Этот год сломал ему кости. Он лежал на койке в клинике с парой искусно зашитых сине-красных шрамов и не считал дней до срока, когда ему обещано было снять гипсовый панцирь: под ним, обнадёживали пациента, всё заживёт. Неизвестный водитель, больной это узнал, умер. Он мельком подумал об усопшем и уставился в потолок. Он подумал о водителе как о погибшем у себя на родине, представил себе его ,такое ясное, сосредоточенное лицо, молодые и цепкие руки на руле, как наяву увидел его бешено мчащимся в гущу мрака- и там охваченного пламенем.
Наступил май. Цветы в палате, свежие и душистые, ежедневно меняли. В полдень ролеты на окнах не вздёргивали- и нектаром пахло в палате.
Силой воображения рассмотрев лицо покойника, убедился, что водитель погиб молодым. Раненый же, хоть и чувствовал себя стариком, был в действительности молод, а сутулился и опускал голову: собственные мысли и планы тревожили его. В юности он хотел было себе ранней смерти, не желал дотягивать до собственного тридцатилетия, а теперь вот жаждал жизни.
Прежде в голове его топорщились знаки препинания, а теперь сгустились первые предложения- посредством их он ступил в миръ.

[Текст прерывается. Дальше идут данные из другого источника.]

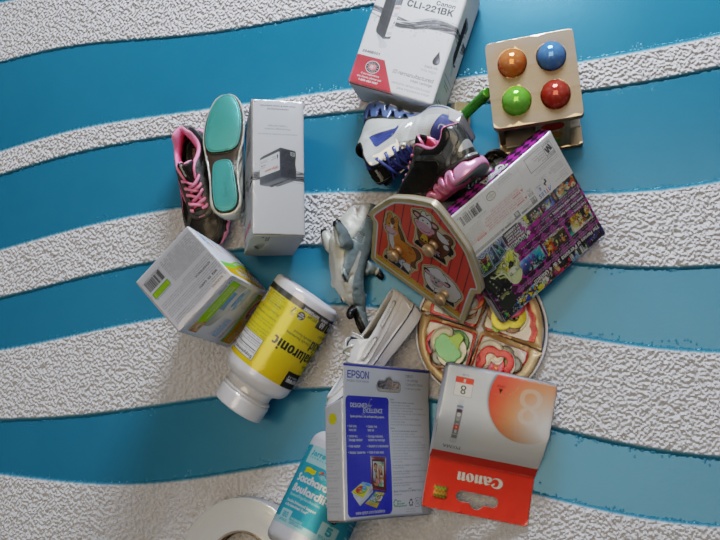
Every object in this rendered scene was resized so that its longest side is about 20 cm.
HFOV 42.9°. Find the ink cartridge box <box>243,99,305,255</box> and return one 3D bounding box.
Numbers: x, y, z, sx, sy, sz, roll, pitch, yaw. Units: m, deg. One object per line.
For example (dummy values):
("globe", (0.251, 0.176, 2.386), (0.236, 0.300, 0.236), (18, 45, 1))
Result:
("ink cartridge box", (-0.131, -0.135, 1.381), (0.082, 0.145, 0.205), (1, 79, -12))

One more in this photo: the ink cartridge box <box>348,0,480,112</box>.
("ink cartridge box", (0.084, -0.352, 1.406), (0.141, 0.084, 0.204), (17, 84, 17))

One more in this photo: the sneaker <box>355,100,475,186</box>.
("sneaker", (0.068, -0.178, 1.354), (0.196, 0.081, 0.117), (12, 69, 39))

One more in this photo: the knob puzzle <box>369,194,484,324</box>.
("knob puzzle", (0.085, -0.024, 1.263), (0.218, 0.221, 0.030), (37, 60, 17))

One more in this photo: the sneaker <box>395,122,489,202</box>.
("sneaker", (0.095, -0.141, 1.291), (0.199, 0.078, 0.097), (-32, 85, 50))

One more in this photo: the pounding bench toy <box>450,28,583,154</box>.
("pounding bench toy", (0.214, -0.246, 1.317), (0.195, 0.156, 0.127), (-8, 78, 13))

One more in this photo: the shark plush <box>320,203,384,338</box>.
("shark plush", (0.000, 0.000, 1.376), (0.081, 0.091, 0.205), (-5, 72, -18))

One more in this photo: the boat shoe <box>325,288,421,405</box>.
("boat shoe", (0.005, 0.117, 1.339), (0.065, 0.073, 0.201), (41, 77, -12))

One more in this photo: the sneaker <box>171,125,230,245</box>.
("sneaker", (-0.260, -0.134, 1.440), (0.077, 0.095, 0.205), (-14, 78, 9))

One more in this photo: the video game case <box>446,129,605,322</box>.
("video game case", (0.225, -0.061, 1.273), (0.199, 0.036, 0.183), (-40, 113, -7))

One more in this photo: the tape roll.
("tape roll", (-0.172, 0.439, 1.353), (0.198, 0.037, 0.208), (-3, 79, 14))

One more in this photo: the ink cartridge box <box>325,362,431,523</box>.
("ink cartridge box", (0.027, 0.236, 1.260), (0.046, 0.195, 0.205), (-12, 74, 39))

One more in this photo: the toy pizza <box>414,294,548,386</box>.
("toy pizza", (0.174, 0.086, 1.333), (0.195, 0.032, 0.206), (-2, 80, 13))

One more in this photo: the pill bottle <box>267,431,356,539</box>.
("pill bottle", (-0.043, 0.307, 1.296), (0.109, 0.111, 0.203), (21, 72, 16))

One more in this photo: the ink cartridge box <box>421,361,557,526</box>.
("ink cartridge box", (0.177, 0.242, 1.271), (0.158, 0.050, 0.205), (11, 83, -1))

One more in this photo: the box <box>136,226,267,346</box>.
("box", (-0.223, 0.029, 1.354), (0.113, 0.200, 0.101), (-46, 74, 0))

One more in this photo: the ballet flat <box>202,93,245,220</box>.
("ballet flat", (-0.208, -0.171, 1.424), (0.068, 0.069, 0.205), (-7, 73, 12))

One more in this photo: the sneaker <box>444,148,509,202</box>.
("sneaker", (0.161, -0.141, 1.336), (0.195, 0.114, 0.078), (12, 82, 19))

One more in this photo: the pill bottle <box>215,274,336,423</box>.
("pill bottle", (-0.130, 0.118, 1.361), (0.110, 0.111, 0.202), (32, 89, 17))
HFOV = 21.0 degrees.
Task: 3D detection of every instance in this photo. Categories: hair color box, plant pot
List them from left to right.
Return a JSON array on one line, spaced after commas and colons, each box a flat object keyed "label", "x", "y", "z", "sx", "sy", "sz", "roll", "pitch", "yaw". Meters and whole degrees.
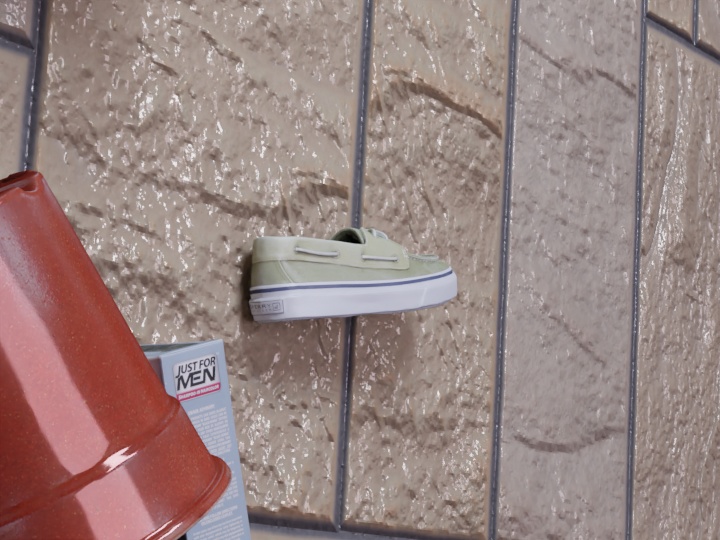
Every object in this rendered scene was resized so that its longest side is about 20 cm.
[{"label": "plant pot", "x": -0.198, "y": 0.063, "z": 1.035, "sx": 0.201, "sy": 0.200, "sz": 0.196, "roll": -36, "pitch": 107, "yaw": -48}, {"label": "hair color box", "x": -0.124, "y": 0.146, "z": 1.186, "sx": 0.061, "sy": 0.099, "sz": 0.201, "roll": -13, "pitch": 96, "yaw": -52}]

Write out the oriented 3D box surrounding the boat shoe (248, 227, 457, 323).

Прежде он считал себя способным всё домыслить до пределов, и даже замечал за собой шаги первопроходца в неизведанное- теперь оказалось, что они все вели в сторону. Долго не знал он, чему верить, и разве не стыдно вообще верить во что-то? Теперь он опёрся на собственный авторитет, обрёл доверие к себе.
Незадолго до выписки из клиники он посмотрелся в зеркало чтоб причесаться- увидел себя мало изменившимся, но немного осунувшегося на кисейной подушке, а в глубине растрёпанной своей шевелюры- нечто серебристое. Присмотревшись, он нащупал седой волос!
Сердце учащённо забилось.
Он безумно и отстранённо рассматривал свои волосы.
На следующий день, боясь обнаружить уже несколько седых волос, он снова рассмотрел свою шевелюру- но там белел по-прежнему лишь один. Наконец, пациент сказал себе: "Я ведь жив и желаю жизни. Седой волос, этот светлый свидетель моей боли и начала зрелости, как он мог напугать меня? Он отрастёт немного, а затем выпадет- и в памяти останется послевкусие страха! Мне ли бояться жизни, что ведёт к старости, жизни- процесса, который дал мне тело?
Я ведь жив!"
Он скоро выздоровеет.
Ему скоро тридцать. День настанет- но никто не ударит в гонг чтобы взбодрить юбиляра.
Нет, не настанет- он уже минул, первым в веренице дней ушедшего года. Года, который минул в муках.
Он живо думает о службе, стремится устроиться, поскорее миновать врата жизни- прочь от несчастливого, дряхлого, выморочного.
Говорю тебе: "Встань, иди! Твои кости целы".

перевод с немецкого Терджимана Кырымлы

Ингеборг Бахманн "Тридцатый год", рассказ (отрывок 15)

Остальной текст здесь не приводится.